Updated February 21, 2017

A business development manager has the challenging task of identifying strategic business opportunities for an organisation in order to generate revenue. This position requires a person who has the ability to recognise opportunities, along with the sales experience to successfully negotiate and close deals.

Job Purpose

A business development manager is responsible for implementing an organisation’s business development strategy, identifying new business opportunities, maintaining key relationships and negotiating and closing business deals. This position often has set financial targets that the manager must meet in order for the organisation to meet its projected revenue generation.

Responsibilities

Specific responsibilities for a business development manager may include pursuing sales leads and prospective clients, building client relationships, delivering presentations and proposals, maintaining extensive knowledge of current market conditions, and negotiating and closing business deals.

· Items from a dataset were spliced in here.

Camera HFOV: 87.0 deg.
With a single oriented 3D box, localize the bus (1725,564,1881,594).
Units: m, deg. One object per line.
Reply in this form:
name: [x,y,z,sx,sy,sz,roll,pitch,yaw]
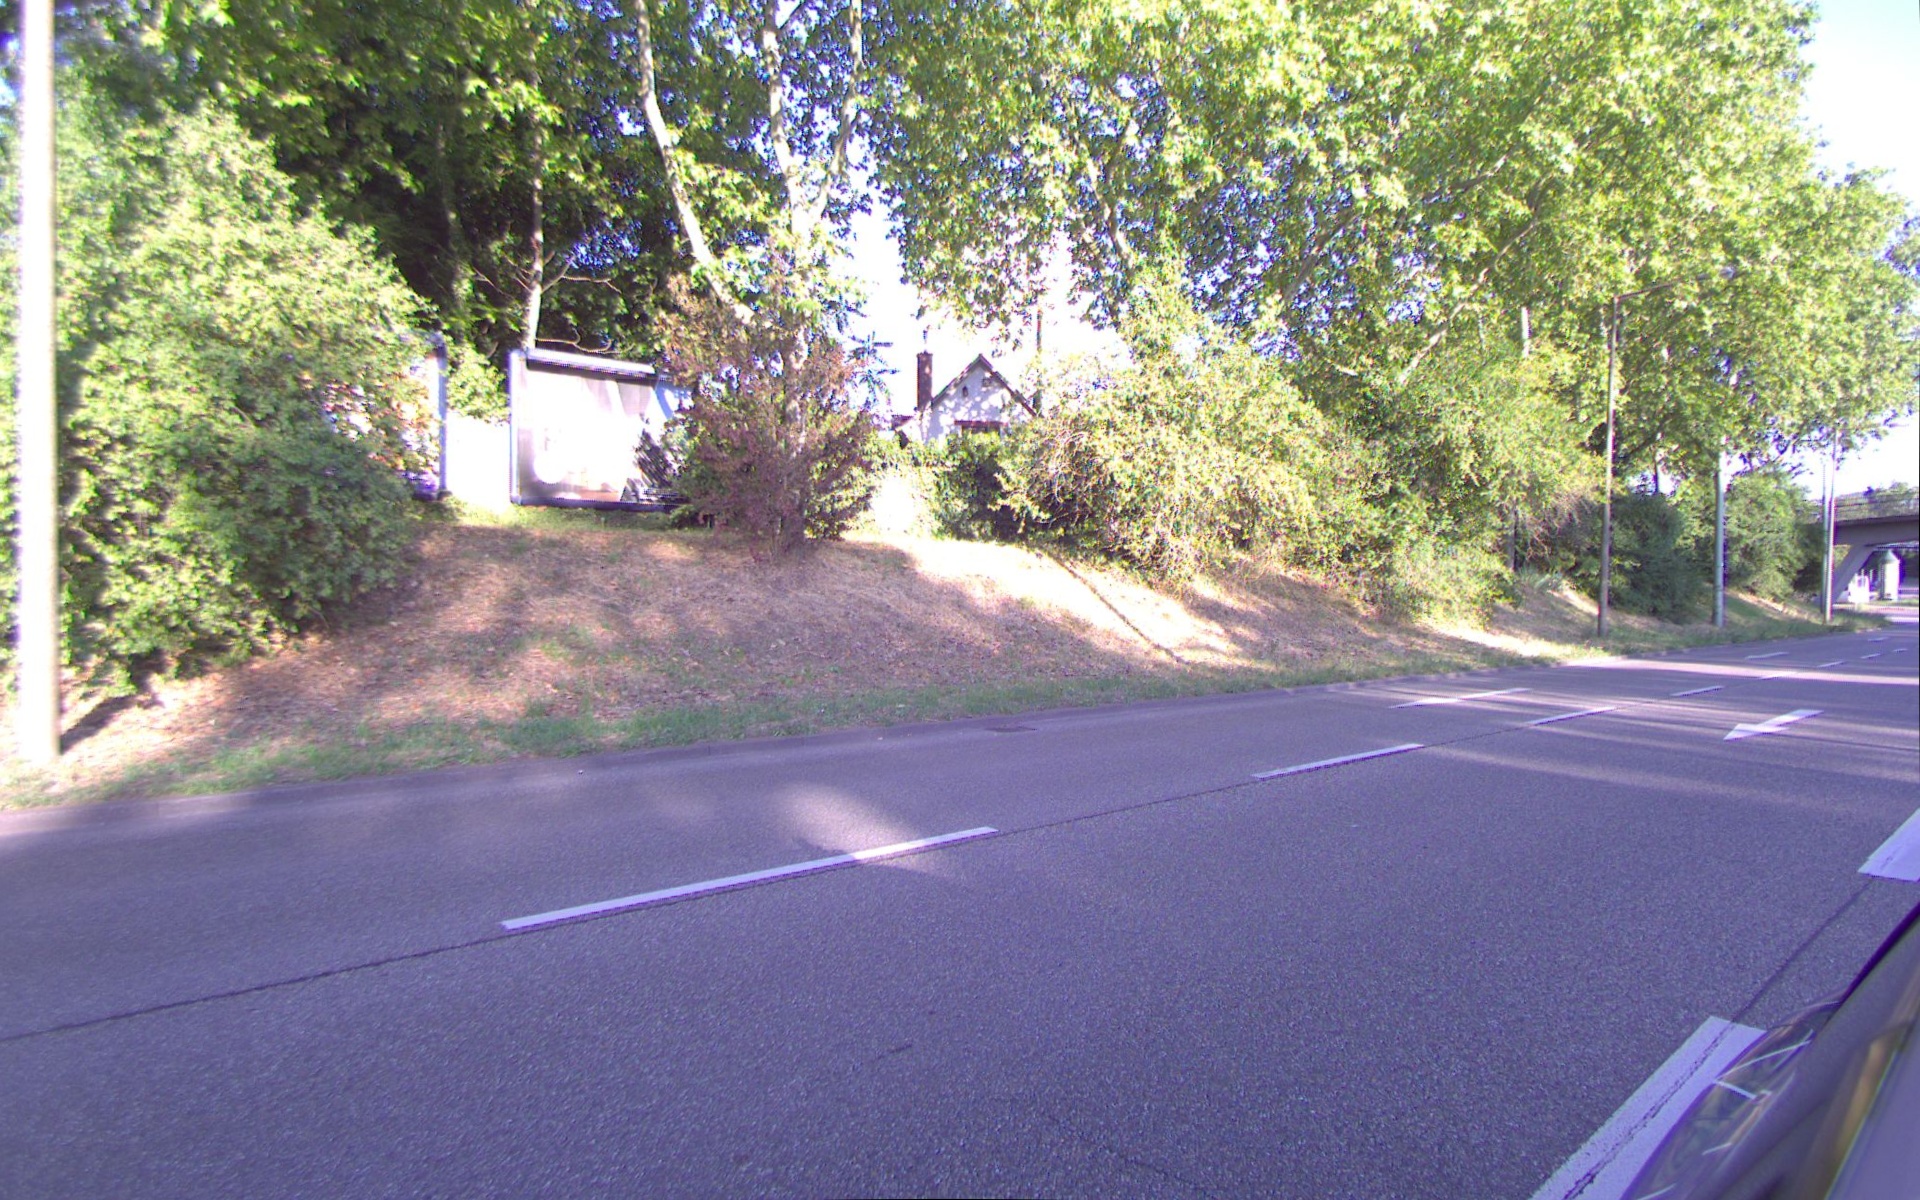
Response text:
bus: [87.331,-2.096,105.393,2.366,2.899,13.221,0,0,-19]

This position may require extensive travel.

Qualifications

Qualifications for this position typically include a bachelor’s degree and two to three years' experience. Other qualifications may include knowledge of the specific industry, proven revenue generation and sales experience.

Skills

Other skills employers may seek when hiring a business development manager include excellent communications skills, self-motivation, outstanding ability to sell, strong writing and presentation skills, excellent negotiation, closing and follow-up skills, and market research experience.

Salary Information

According to PayScale.com, as of May 2010, the average salary of a business development manager ranges from £37,700 to £74,100, depending on employment setting. For example, a business development manager at a non-profit organisation averages £26,650 to £40,300, while a private firm averages £33,800 to £57,850. Other employment settings include hospitals, universities and government agencies.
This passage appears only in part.